▸ **Work to be completed**
Once the line with "table_cell € 15.000 [706, 475, 1163, 502]" is found in the data, output it and each following line exactly, up to and including the line with "table_cell € 15.000 [706, 859, 1163, 885]", and nothing before or after.
─── Extracted records
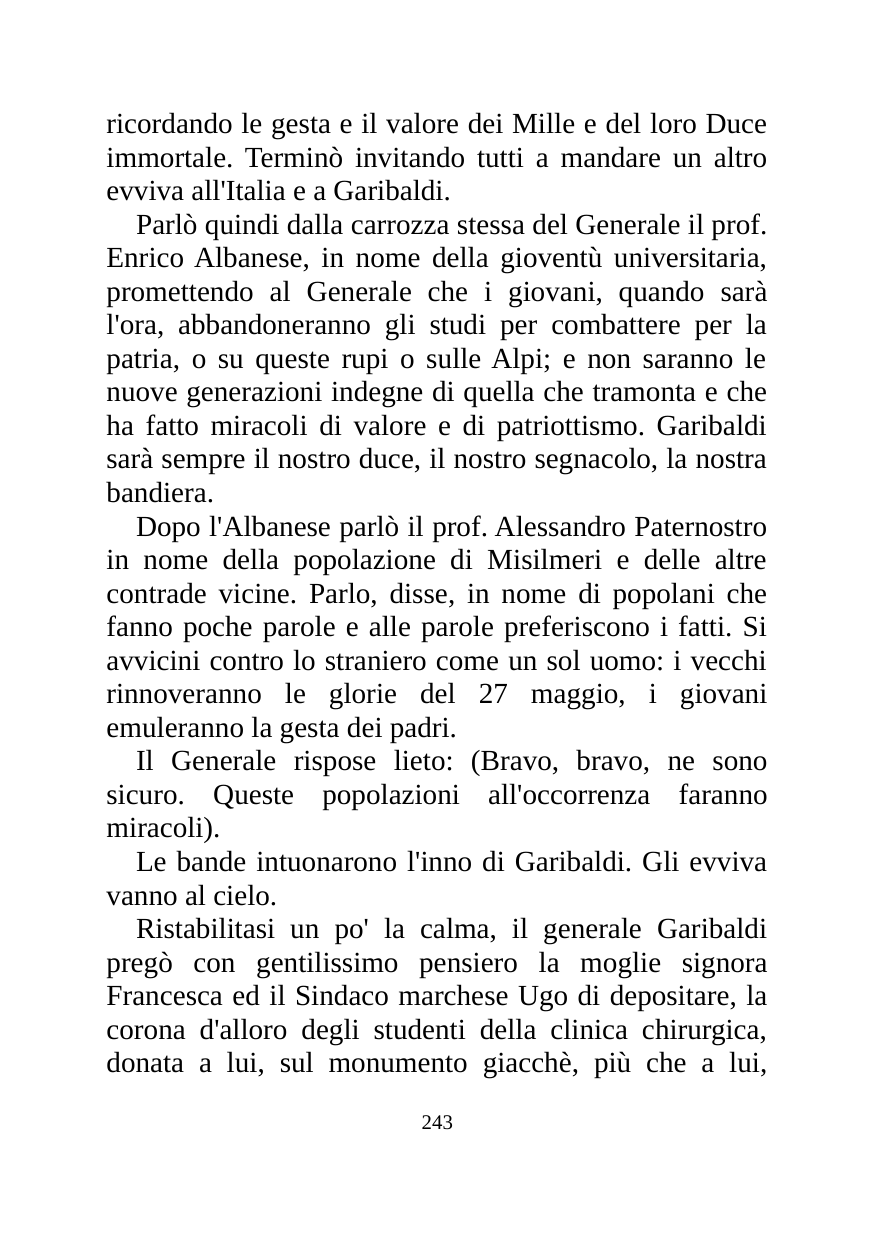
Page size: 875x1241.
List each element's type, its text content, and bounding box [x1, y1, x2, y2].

text ricordando le gesta e il valore dei Mille e del loro Duce immortale. Terminò invitando tutti a mandare un altro evviva all'Italia e a Garibaldi. [106, 106, 768, 207]
text Le bande intuonarono l'inno di Garibaldi. Gli evviva vanno al cielo. [106, 844, 768, 911]
text Ristabilitasi un po' la calma, il generale Garibaldi pregò con gentilissimo pensiero la moglie signora Francesca ed il Sindaco marchese Ugo di depositare, la corona d'alloro degli studenti della clinica chirurgica, donata a lui, sul monumento giacchè, più che a lui, [106, 911, 768, 1079]
text Il Generale rispose lieto: (Bravo, bravo, ne sono sicuro. Queste popolazioni all'occorrenza faranno miracoli). [106, 743, 768, 844]
text Dopo l'Albanese parlò il prof. Alessandro Paternostro in nome della popolazione di Misilmeri e delle altre contrade vicine. Parlo, disse, in nome di popolani che fanno poche parole e alle parole preferiscono i fatti. Si avvicini contro lo straniero come un sol uomo: i vecchi rinnoveranno le glorie del 27 maggio, i giovani emuleranno la gesta dei padri. [106, 509, 768, 743]
text Parlò quindi dalla carrozza stessa del Generale il prof. Enrico Albanese, in nome della gioventù universitaria, promettendo al Generale che i giovani, quando sarà l'ora, abbandoneranno gli studi per combattere per la patria, o su queste rupi o sulle Alpi; e non saranno le nuove generazioni indegne di quella che tramonta e che ha fatto miracoli di valore e di patriottismo. Garibaldi sarà sempre il nostro duce, il nostro segnacolo, la nostra bandiera. [106, 207, 768, 509]
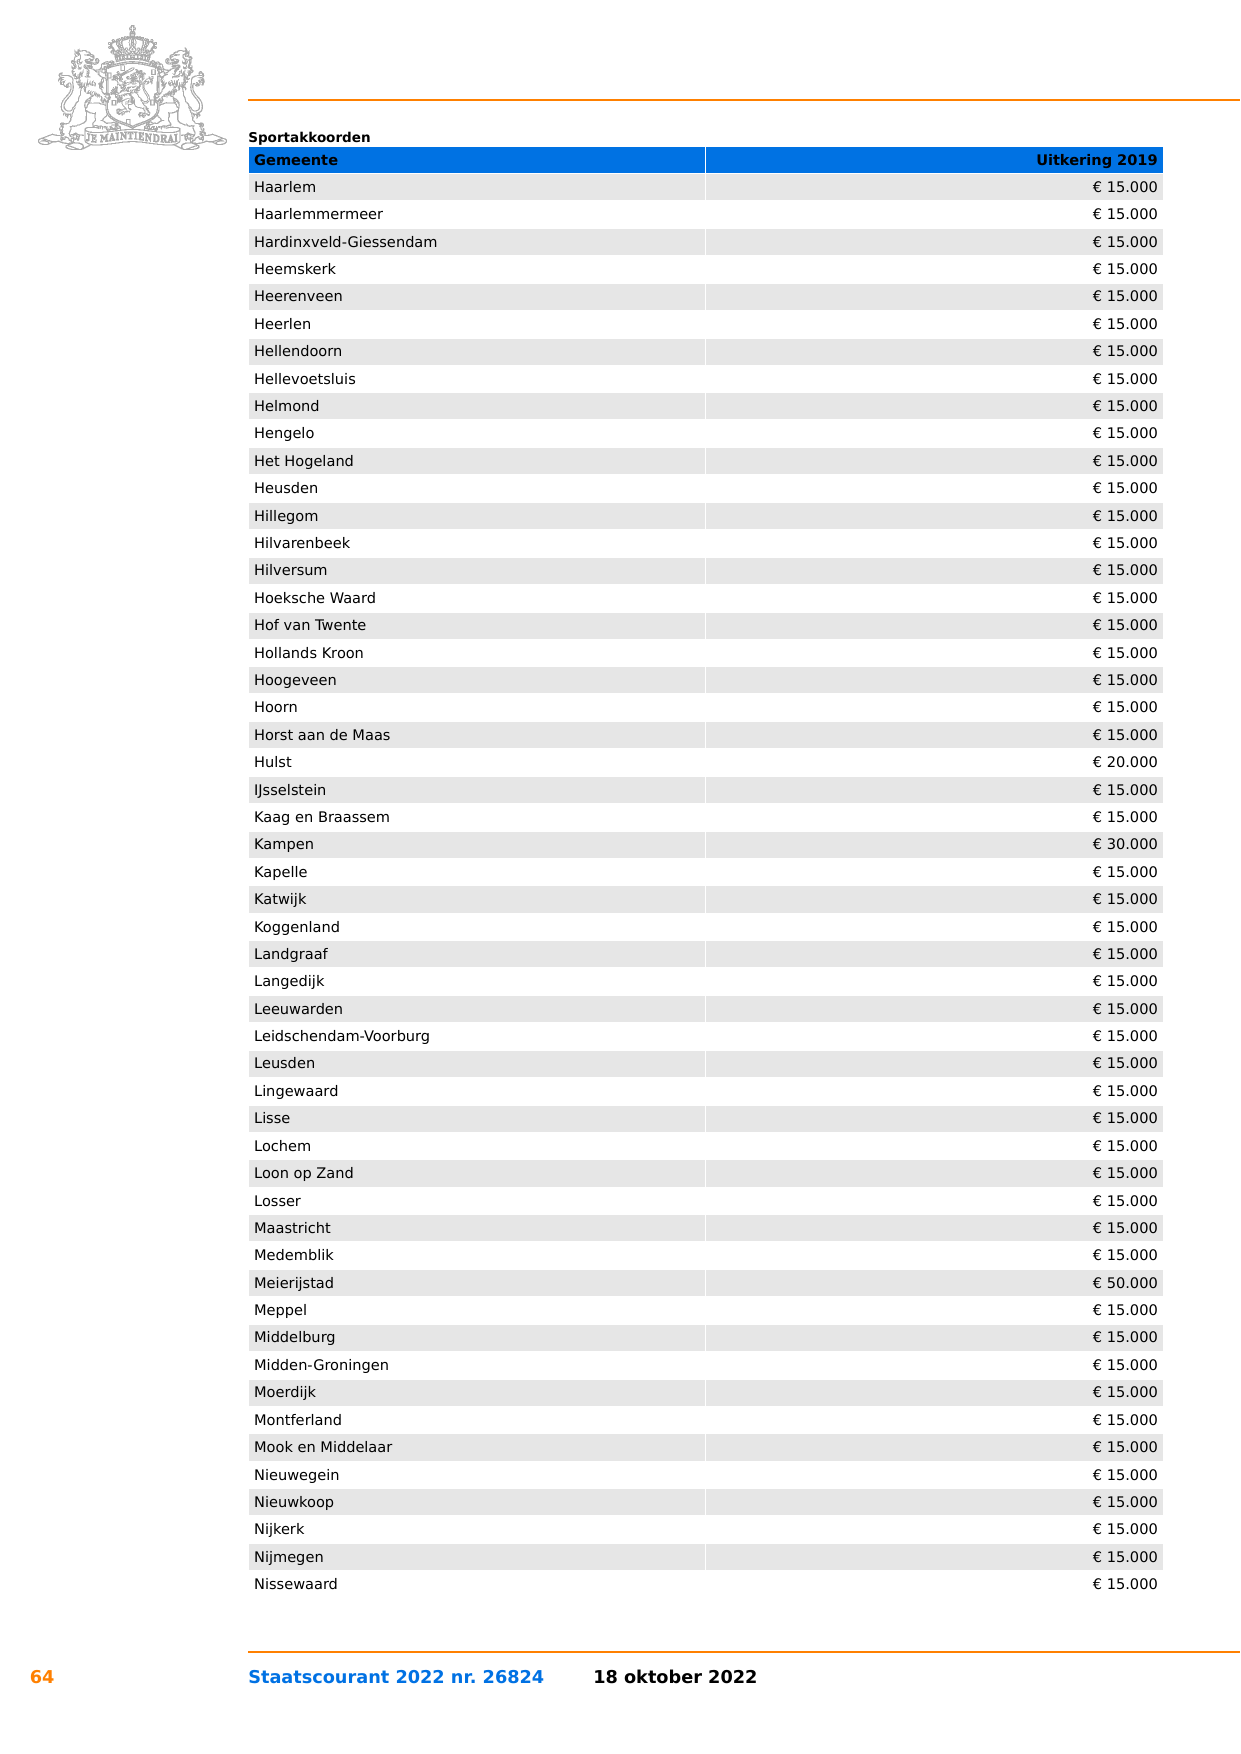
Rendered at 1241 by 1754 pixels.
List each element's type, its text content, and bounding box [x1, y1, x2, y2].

table_cell Maastricht [249, 1215, 705, 1241]
table_cell € 15.000 [706, 558, 1163, 584]
table_cell € 15.000 [706, 1188, 1163, 1214]
table_cell € 15.000 [706, 1544, 1163, 1570]
table_cell € 15.000 [706, 1023, 1163, 1050]
table_cell Meppel [249, 1297, 705, 1324]
table_cell Montferland [249, 1407, 705, 1433]
table_cell Nissewaard [249, 1571, 705, 1598]
table_cell Lingewaard [249, 1078, 705, 1104]
table_cell € 15.000 [706, 366, 1163, 392]
table_cell Medemblik [249, 1243, 705, 1269]
table_cell € 15.000 [706, 886, 1163, 913]
table_cell Hulst [249, 749, 705, 776]
table_cell € 15.000 [706, 530, 1163, 557]
table_cell € 15.000 [706, 311, 1163, 337]
table_cell Hollands Kroon [249, 640, 705, 666]
table_cell € 15.000 [706, 667, 1163, 693]
table_cell Gemeente [249, 147, 705, 173]
table_cell Nijkerk [249, 1516, 705, 1543]
table_cell Het Hogeland [249, 448, 705, 474]
table_cell € 30.000 [706, 832, 1163, 858]
table_cell Langedijk [249, 969, 705, 995]
table_cell Hillegom [249, 503, 705, 529]
table_cell Midden-Groningen [249, 1352, 705, 1378]
table_cell Heusden [249, 475, 705, 502]
table_cell € 15.000 [706, 1215, 1163, 1241]
table_cell € 15.000 [706, 1352, 1163, 1378]
table_cell Hof van Twente [249, 613, 705, 639]
table_cell Mook en Middelaar [249, 1434, 705, 1461]
table_cell Loon op Zand [249, 1160, 705, 1187]
table_cell € 15.000 [706, 722, 1163, 748]
table_cell € 15.000 [706, 475, 1163, 502]
table_cell € 15.000 [706, 941, 1163, 967]
table_cell Losser [249, 1188, 705, 1214]
table_cell € 15.000 [706, 339, 1163, 365]
table_cell Kapelle [249, 859, 705, 885]
table_cell Moerdijk [249, 1380, 705, 1406]
table_cell Nijmegen [249, 1544, 705, 1570]
table_cell Heemskerk [249, 256, 705, 283]
table_cell € 15.000 [706, 1133, 1163, 1159]
table_cell Leeuwarden [249, 996, 705, 1022]
table_header Sportakkoorden [248, 130, 1163, 146]
table_cell € 15.000 [706, 1516, 1163, 1543]
table_cell € 20.000 [706, 749, 1163, 776]
table_cell IJsselstein [249, 777, 705, 803]
table_cell € 15.000 [706, 201, 1163, 228]
table_cell Horst aan de Maas [249, 722, 705, 748]
table_cell € 15.000 [706, 969, 1163, 995]
table_cell Heerlen [249, 311, 705, 337]
table_cell € 15.000 [706, 503, 1163, 529]
table_cell € 15.000 [706, 804, 1163, 831]
table_cell € 50.000 [706, 1270, 1163, 1296]
table_cell € 15.000 [706, 1434, 1163, 1461]
table_cell € 15.000 [706, 914, 1163, 940]
table_cell Hellendoorn [249, 339, 705, 365]
table_cell € 15.000 [706, 256, 1163, 283]
table_cell Hoorn [249, 695, 705, 721]
table_cell € 15.000 [706, 1325, 1163, 1351]
table_cell € 15.000 [706, 229, 1163, 255]
table_cell € 15.000 [706, 695, 1163, 721]
table_cell Kampen [249, 832, 705, 858]
table_cell Hengelo [249, 421, 705, 447]
table_cell Uitkering 2019 [706, 147, 1163, 173]
table_cell Hilvarenbeek [249, 530, 705, 557]
table_cell € 15.000 [706, 1078, 1163, 1104]
table_cell € 15.000 [706, 393, 1163, 419]
table_cell € 15.000 [706, 1571, 1163, 1598]
table_cell € 15.000 [706, 996, 1163, 1022]
table_cell € 15.000 [706, 1160, 1163, 1187]
table_cell Koggenland [249, 914, 705, 940]
table_cell Nieuwkoop [249, 1489, 705, 1515]
table_cell Kaag en Braassem [249, 804, 705, 831]
table_cell Lochem [249, 1133, 705, 1159]
table_cell € 15.000 [706, 859, 1163, 885]
picture [38, 25, 227, 150]
table_cell Middelburg [249, 1325, 705, 1351]
table_cell € 15.000 [706, 585, 1163, 611]
table_cell € 15.000 [706, 613, 1163, 639]
table_cell Nieuwegein [249, 1462, 705, 1488]
table_cell Helmond [249, 393, 705, 419]
table_cell Haarlem [249, 174, 705, 200]
table_cell Lisse [249, 1106, 705, 1132]
table_cell € 15.000 [706, 640, 1163, 666]
table_cell Haarlemmermeer [249, 201, 705, 228]
table_cell € 15.000 [706, 284, 1163, 310]
table_cell Hardinxveld-Giessendam [249, 229, 705, 255]
table_cell € 15.000 [706, 1489, 1163, 1515]
table_cell Leusden [249, 1051, 705, 1077]
table_cell € 15.000 [706, 448, 1163, 474]
table_cell Hoeksche Waard [249, 585, 705, 611]
table_cell € 15.000 [706, 1243, 1163, 1269]
table_cell € 15.000 [706, 421, 1163, 447]
table_cell € 15.000 [706, 174, 1163, 200]
table_cell Hoogeveen [249, 667, 705, 693]
table_cell € 15.000 [706, 1297, 1163, 1324]
table_cell Meierijstad [249, 1270, 705, 1296]
table_cell € 15.000 [706, 1106, 1163, 1132]
table_cell € 15.000 [706, 777, 1163, 803]
table_cell € 15.000 [706, 1051, 1163, 1077]
table_cell Landgraaf [249, 941, 705, 967]
table_cell € 15.000 [706, 1462, 1163, 1488]
table_cell Hilversum [249, 558, 705, 584]
table_cell Heerenveen [249, 284, 705, 310]
table_cell € 15.000 [706, 1407, 1163, 1433]
table_cell Katwijk [249, 886, 705, 913]
table_cell Leidschendam-Voorburg [249, 1023, 705, 1050]
table_cell Hellevoetsluis [249, 366, 705, 392]
table_cell € 15.000 [706, 1380, 1163, 1406]
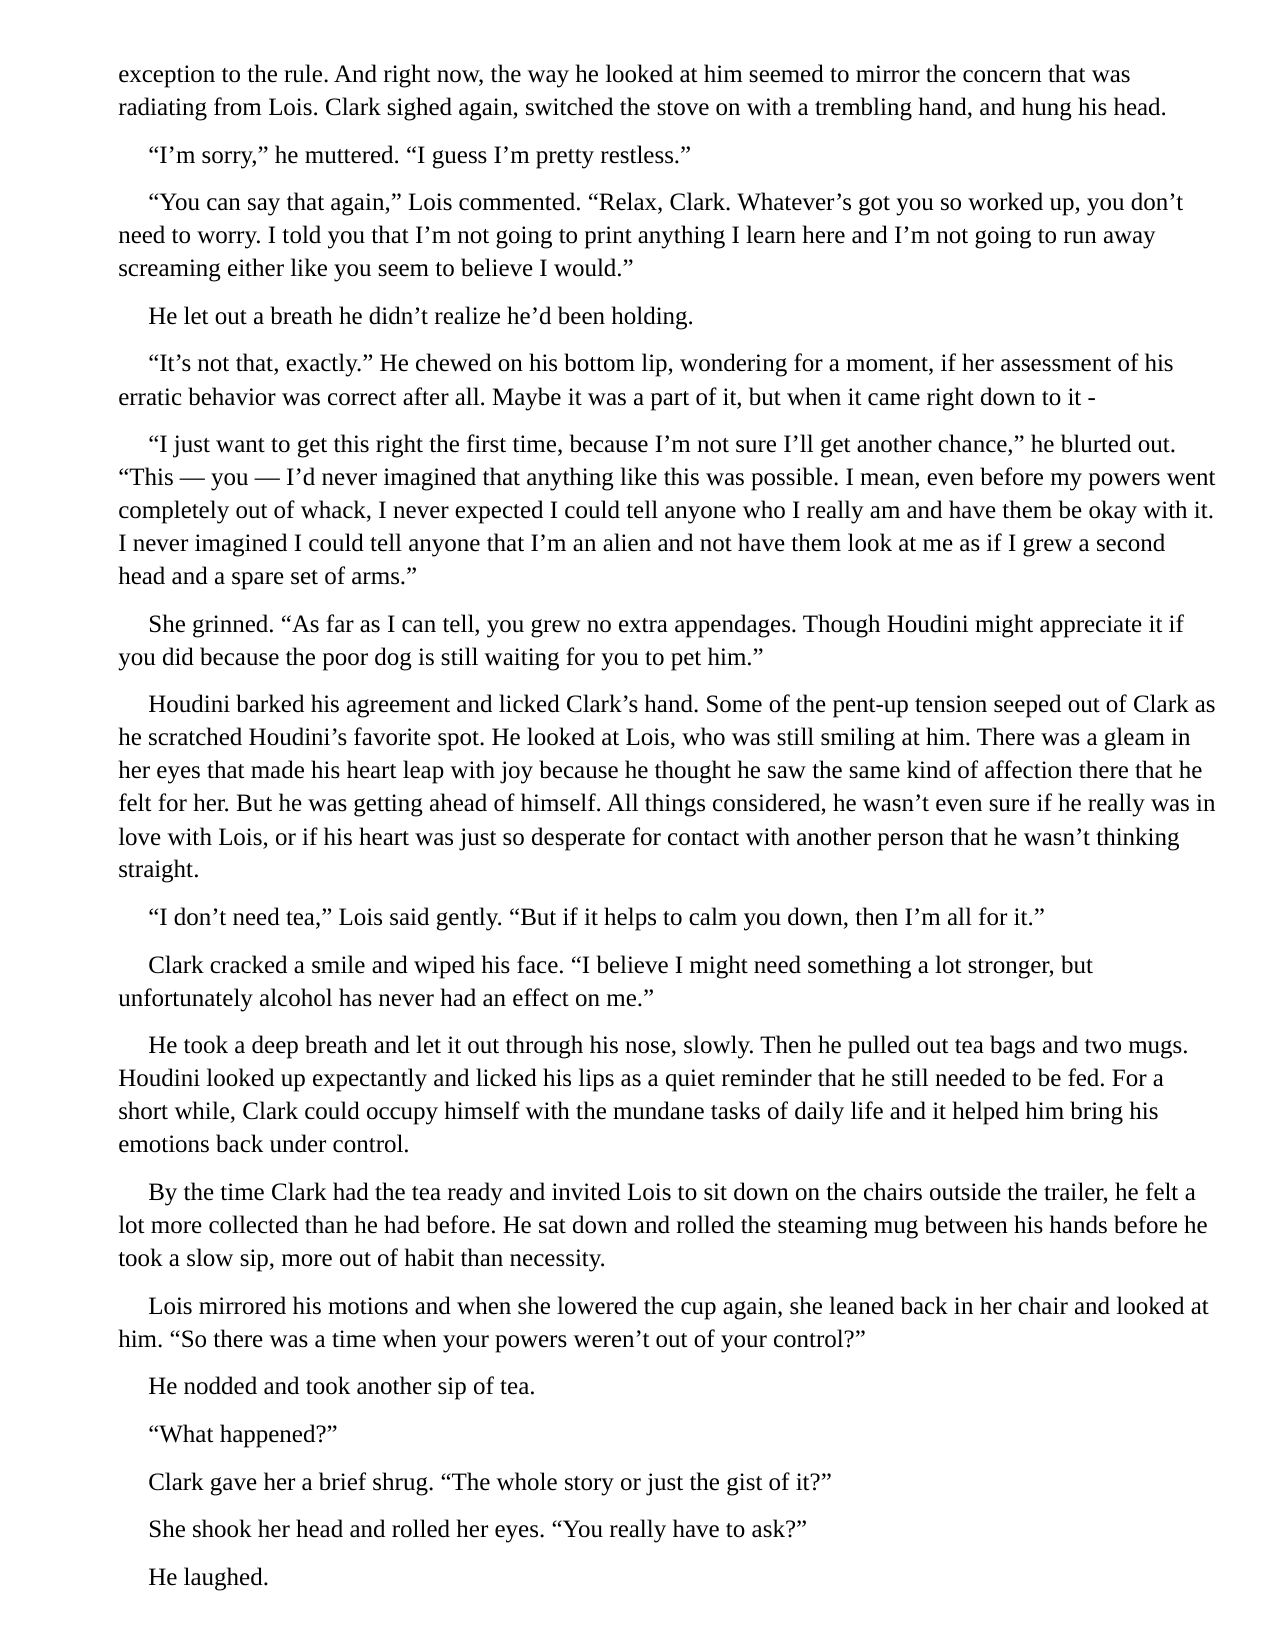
──────
▸ **Exercise output**
table_cell € 15.000 [706, 475, 1163, 502]
table_cell € 15.000 [706, 941, 1163, 967]
table_cell Losser [249, 1188, 705, 1214]
table_cell € 15.000 [706, 339, 1163, 365]
table_cell Kapelle [249, 859, 705, 885]
table_cell Moerdijk [249, 1380, 705, 1406]
table_cell Nijmegen [249, 1544, 705, 1570]
table_cell Heemskerk [249, 256, 705, 283]
table_cell € 15.000 [706, 1133, 1163, 1159]
table_cell Leeuwarden [249, 996, 705, 1022]
table_header Sportakkoorden [248, 130, 1163, 146]
table_cell € 15.000 [706, 1516, 1163, 1543]
table_cell € 20.000 [706, 749, 1163, 776]
table_cell IJsselstein [249, 777, 705, 803]
table_cell € 15.000 [706, 201, 1163, 228]
table_cell Horst aan de Maas [249, 722, 705, 748]
table_cell € 15.000 [706, 969, 1163, 995]
table_cell Heerlen [249, 311, 705, 337]
table_cell € 15.000 [706, 503, 1163, 529]
table_cell € 15.000 [706, 804, 1163, 831]
table_cell € 50.000 [706, 1270, 1163, 1296]
table_cell € 15.000 [706, 1434, 1163, 1461]
table_cell € 15.000 [706, 914, 1163, 940]
table_cell Hellendoorn [249, 339, 705, 365]
table_cell € 15.000 [706, 256, 1163, 283]
table_cell Hoorn [249, 695, 705, 721]
table_cell € 15.000 [706, 1325, 1163, 1351]
table_cell € 15.000 [706, 229, 1163, 255]
table_cell € 15.000 [706, 695, 1163, 721]
table_cell Kampen [249, 832, 705, 858]
table_cell Hengelo [249, 421, 705, 447]
table_cell Uitkering 2019 [706, 147, 1163, 173]
table_cell Hilvarenbeek [249, 530, 705, 557]
table_cell € 15.000 [706, 1078, 1163, 1104]
table_cell € 15.000 [706, 393, 1163, 419]
table_cell € 15.000 [706, 1571, 1163, 1598]
table_cell € 15.000 [706, 996, 1163, 1022]
table_cell € 15.000 [706, 1160, 1163, 1187]
table_cell Koggenland [249, 914, 705, 940]
table_cell Nieuwkoop [249, 1489, 705, 1515]
table_cell Kaag en Braassem [249, 804, 705, 831]
table_cell Lochem [249, 1133, 705, 1159]
table_cell € 15.000 [706, 859, 1163, 885]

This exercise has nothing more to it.